Cases - Pugh v Howells
Record details
- Name
- Pugh v Howells
- Date
- [1984]
- Citation
- 48 P&CR 298
- Legislation
-
- Supreme Court Act 1981
- County Courts Act 1984
- Keywords
- Rights of light - infringement - extent to which the defendant's conduct should be taken into account to decide whether to grant an injunction or award damages - injunction - whether a mandatory injunction should be granted
- Summary
-
The plaintiffs and defendants owned adjoining properties. In 1981, the defendants obtained planning permission to build an extension to their property. The plaintiffs objected to the planning application and thereafter wrote stating that the extension would infringe their rights of light and that, if the defendants went ahead, they would have no alternative but to apply for an injunction. The following year, the defendants were advised by a chartered surveyor that the proposed extension would interfere with the plaintiffs' right of light to their kitchen. In April 1983, the plaintiffs noticed that the defendants were pulling down a lean-to and their solicitors therefore wrote to the defendants asking them to disclose any plans. The defendants made an unhelpful reply. A further letter sent to the defendants by recorded delivery was returned by the defendants marked 'not accepted'. Before the plaintiffs could take further action, there was a bank holiday weekend. During this weekend, the defendants' builders returned and built the extension up to roof level. Immediately thereafter, the plaintiffs started court proceedings, claiming a mandatory injunction requiring the defendants to take down the extension so that it did not interfere with their rights of light. The judge held that although there was an actionable nuisance, damages would be a more appropriate remedy. The plaintiffs appealed.
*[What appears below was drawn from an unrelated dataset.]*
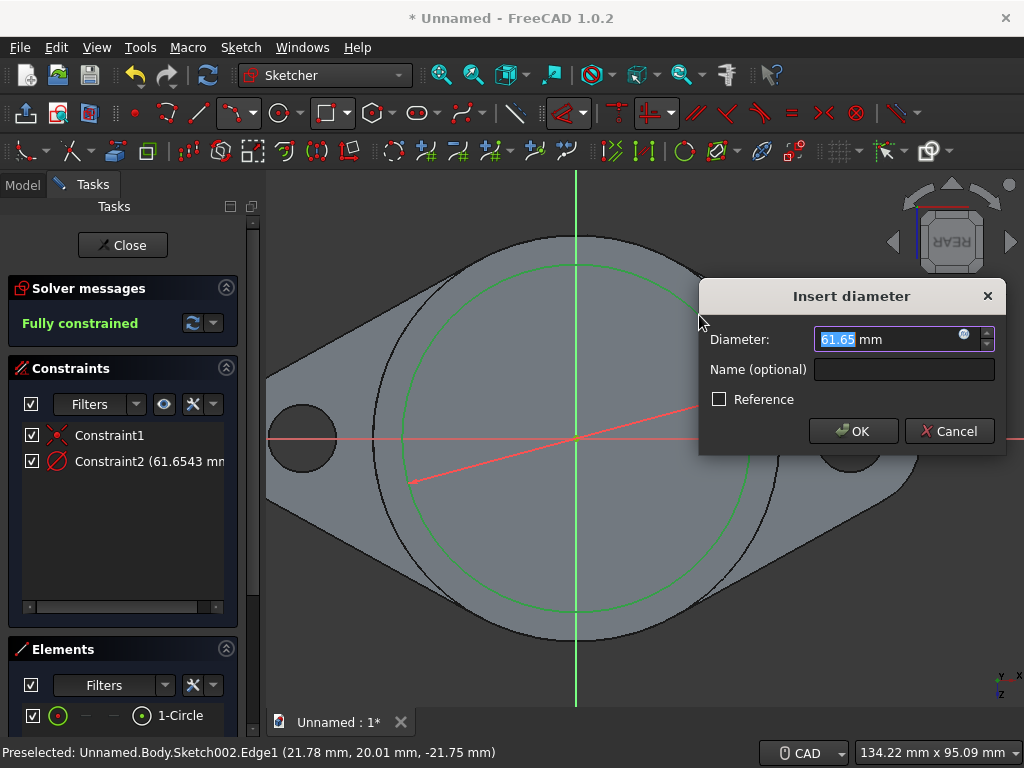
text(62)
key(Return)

The Court of Appeal reversed the judge's decision, granting the plaintiffs a mandatory injunction. It referred to the House of Lords' decision in Shelfer, saying that a court needed not just to look at the working rule, but also what the House of Lords had said about the conduct of the parties. It was clear in this case that, where the defendants had been warned more than once that what they were doing would be resisted by an application to court, wherein spite of the warnings and in spite of advice from their own surveyor, they carried on and took the risk of building, they could not complain if the result was that they were ordered to pull down part of the building. The Court of Appeal considered that the plaintiffs' conduct was perfectly reasonable: as soon as they saw the lean-to coming down, they asked for information. However, the defendants acted unreasonably and high-handedly: their response to the first letter was unhelpful, they refused to accept delivery of the second letter and they went ahead with the work over a bank holiday weekend, leaving the strong impression that they were hurrying on with the work to try to achieve a fait accompli before the plaintiffs could challenge them in court. In addition, the defendants had not satisfied the working rule in Shelfer. The injury was not small, it was difficult to say that it could adequately be compensated in damages and, having regard to the conduct of the defendants, it would not be oppressive to grant an injunction. A mandatory injunction was therefore awarded requiring the defendants to remove the part of the extension above ground floor level.